Are there reasons for not doing so?

Yes, it is a waste of pins!

It should work, though. Be careful with the code. If you set the pins connected to Vcc & gnd on the sensor to the wrong values, you could damage the sensor or the Arduino.

PaulRB:
Yes, it is a waste of pins!

I agree with you in general, for real applications.

But for development/testing above method is fine for me since you confirmed it is OK (if not incorrectly feeding VCCx/GNDy pins).

Away from home I have only my 5$ 24MHz logic analyzer with me, but that is more than adequate for dealing with ultrasonic signals.

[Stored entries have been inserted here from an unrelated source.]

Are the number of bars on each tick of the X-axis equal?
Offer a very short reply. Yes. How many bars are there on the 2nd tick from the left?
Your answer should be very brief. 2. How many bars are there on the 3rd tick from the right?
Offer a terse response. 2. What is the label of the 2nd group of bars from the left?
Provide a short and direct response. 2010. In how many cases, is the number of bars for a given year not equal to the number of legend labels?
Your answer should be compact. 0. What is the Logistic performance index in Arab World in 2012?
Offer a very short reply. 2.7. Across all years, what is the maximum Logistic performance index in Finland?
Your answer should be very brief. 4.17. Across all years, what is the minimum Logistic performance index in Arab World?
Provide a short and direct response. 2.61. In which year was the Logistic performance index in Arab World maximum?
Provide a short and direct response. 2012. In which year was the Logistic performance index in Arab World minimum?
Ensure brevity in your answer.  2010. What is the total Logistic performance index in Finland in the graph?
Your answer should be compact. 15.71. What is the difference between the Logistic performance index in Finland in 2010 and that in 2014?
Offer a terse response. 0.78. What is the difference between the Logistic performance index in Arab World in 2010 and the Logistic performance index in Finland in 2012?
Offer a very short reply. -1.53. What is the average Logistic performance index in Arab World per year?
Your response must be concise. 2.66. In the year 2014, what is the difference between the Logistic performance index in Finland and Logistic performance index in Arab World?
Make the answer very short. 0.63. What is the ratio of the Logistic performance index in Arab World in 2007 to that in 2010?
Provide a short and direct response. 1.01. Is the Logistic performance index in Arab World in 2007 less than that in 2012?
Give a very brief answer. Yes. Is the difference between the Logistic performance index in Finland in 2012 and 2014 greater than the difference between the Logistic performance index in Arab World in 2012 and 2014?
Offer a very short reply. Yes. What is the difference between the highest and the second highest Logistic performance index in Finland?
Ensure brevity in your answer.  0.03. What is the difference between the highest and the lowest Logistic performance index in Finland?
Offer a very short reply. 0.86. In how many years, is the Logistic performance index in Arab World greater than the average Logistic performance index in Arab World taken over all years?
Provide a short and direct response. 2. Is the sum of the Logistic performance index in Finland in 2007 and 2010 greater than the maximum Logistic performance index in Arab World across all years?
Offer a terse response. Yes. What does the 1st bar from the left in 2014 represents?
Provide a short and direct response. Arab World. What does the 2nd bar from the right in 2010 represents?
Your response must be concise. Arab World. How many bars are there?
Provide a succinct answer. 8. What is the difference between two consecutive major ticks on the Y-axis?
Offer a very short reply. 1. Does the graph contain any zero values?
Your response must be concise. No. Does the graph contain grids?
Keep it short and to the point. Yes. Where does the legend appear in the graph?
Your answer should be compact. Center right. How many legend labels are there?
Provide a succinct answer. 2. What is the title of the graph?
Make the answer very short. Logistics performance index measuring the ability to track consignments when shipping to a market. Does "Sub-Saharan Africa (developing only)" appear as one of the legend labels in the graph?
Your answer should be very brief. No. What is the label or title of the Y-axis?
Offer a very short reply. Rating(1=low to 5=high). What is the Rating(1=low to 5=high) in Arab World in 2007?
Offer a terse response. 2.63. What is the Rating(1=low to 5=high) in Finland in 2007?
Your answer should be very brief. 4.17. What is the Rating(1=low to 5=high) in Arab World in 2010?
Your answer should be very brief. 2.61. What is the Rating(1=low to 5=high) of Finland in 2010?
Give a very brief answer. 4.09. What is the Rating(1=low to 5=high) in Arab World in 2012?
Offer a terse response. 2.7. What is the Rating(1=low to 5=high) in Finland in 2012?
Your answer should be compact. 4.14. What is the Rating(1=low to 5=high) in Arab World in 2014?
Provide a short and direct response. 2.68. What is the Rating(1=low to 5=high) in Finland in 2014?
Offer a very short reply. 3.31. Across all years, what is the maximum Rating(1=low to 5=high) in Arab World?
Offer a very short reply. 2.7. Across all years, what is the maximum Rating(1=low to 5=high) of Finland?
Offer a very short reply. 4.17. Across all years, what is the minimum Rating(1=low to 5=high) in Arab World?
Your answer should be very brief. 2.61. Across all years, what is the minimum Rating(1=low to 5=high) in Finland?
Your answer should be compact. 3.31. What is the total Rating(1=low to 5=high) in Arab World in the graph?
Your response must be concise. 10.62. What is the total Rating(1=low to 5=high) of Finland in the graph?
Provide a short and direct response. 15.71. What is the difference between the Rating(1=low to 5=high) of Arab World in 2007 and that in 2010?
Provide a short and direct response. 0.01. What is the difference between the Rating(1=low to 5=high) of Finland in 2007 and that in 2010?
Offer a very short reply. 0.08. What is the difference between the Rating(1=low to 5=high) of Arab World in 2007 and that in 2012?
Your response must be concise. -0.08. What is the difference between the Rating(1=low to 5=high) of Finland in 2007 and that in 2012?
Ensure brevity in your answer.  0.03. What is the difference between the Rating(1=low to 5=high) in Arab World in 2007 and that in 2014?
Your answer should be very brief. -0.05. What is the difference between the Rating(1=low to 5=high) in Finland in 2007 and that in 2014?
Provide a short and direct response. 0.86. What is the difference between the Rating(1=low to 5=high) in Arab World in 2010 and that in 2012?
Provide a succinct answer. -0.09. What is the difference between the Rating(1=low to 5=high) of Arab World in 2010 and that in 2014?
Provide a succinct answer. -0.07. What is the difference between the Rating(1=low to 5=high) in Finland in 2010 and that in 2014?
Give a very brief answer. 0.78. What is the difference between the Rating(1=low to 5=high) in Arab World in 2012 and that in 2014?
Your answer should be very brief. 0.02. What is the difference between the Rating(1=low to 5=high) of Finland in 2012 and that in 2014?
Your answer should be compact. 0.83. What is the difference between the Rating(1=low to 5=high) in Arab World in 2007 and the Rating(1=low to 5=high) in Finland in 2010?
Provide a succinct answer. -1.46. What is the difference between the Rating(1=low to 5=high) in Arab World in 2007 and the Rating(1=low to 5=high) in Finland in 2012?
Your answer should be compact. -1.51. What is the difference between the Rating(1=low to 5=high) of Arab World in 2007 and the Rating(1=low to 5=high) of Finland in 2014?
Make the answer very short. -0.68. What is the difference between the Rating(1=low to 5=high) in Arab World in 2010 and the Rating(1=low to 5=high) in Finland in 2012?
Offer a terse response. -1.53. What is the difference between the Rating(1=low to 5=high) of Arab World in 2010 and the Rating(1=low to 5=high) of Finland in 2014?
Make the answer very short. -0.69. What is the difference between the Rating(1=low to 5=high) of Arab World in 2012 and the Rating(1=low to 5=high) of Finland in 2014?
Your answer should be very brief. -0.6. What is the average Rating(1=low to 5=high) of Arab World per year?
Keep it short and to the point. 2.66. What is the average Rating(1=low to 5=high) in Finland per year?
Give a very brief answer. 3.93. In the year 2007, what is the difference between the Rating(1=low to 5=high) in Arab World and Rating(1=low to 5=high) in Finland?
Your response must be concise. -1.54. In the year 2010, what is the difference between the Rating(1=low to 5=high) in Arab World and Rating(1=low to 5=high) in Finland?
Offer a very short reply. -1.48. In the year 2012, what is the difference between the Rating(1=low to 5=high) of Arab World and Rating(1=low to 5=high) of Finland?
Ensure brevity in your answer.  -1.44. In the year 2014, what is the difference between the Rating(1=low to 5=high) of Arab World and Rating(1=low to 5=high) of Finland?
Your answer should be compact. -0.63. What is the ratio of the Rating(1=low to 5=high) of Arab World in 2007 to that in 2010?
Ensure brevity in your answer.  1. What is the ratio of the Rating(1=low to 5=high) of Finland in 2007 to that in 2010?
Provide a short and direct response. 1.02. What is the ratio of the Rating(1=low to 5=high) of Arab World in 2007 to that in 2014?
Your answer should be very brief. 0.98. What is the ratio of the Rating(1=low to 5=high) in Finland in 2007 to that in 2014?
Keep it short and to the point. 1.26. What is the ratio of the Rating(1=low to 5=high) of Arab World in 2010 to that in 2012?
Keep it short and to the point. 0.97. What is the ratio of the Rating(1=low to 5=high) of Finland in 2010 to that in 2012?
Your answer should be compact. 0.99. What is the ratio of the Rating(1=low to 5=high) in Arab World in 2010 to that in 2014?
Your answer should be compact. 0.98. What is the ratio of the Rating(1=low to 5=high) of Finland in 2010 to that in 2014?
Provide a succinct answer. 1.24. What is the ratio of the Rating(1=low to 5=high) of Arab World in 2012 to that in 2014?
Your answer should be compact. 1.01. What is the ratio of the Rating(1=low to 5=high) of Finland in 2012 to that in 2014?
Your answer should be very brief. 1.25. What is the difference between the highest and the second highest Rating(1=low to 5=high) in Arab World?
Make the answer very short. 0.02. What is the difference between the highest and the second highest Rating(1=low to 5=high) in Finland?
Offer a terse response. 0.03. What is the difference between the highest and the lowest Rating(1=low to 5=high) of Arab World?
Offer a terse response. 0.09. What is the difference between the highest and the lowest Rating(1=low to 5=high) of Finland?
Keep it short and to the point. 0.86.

My application will be that both sensors will have a short distance to obstacle as shown in photo below.
I am really impressed that two short distance sensor measurements (4cm/7cm) take only 4.423ms including Serial output.
After commenting out all Serial output statements, two measurements in above sketch take only 1.807ms in total:

This is for driving an autonomous robot quickly parallel to a long straight wall at constant distance. Even if the robot will ever achieve 10m/s(36km/h) that means that every 1000/500=2cm both measurements will be available for PID controller [I do not expect the robot to go over 5m/s linear speed (radially it did show 18m/s or 64km/h)].

Hermann.

This method also works with "wrong voltage" sensors, like 5V HC-SR04 ultrasonic range sensor and 3.3V Arduino Due, although some changes are needed. First, the "Echo" pin 5V have to be scaled down to 3.3V before sent to a Due pin. And HC-SR04 VCC pin needs to get 5V.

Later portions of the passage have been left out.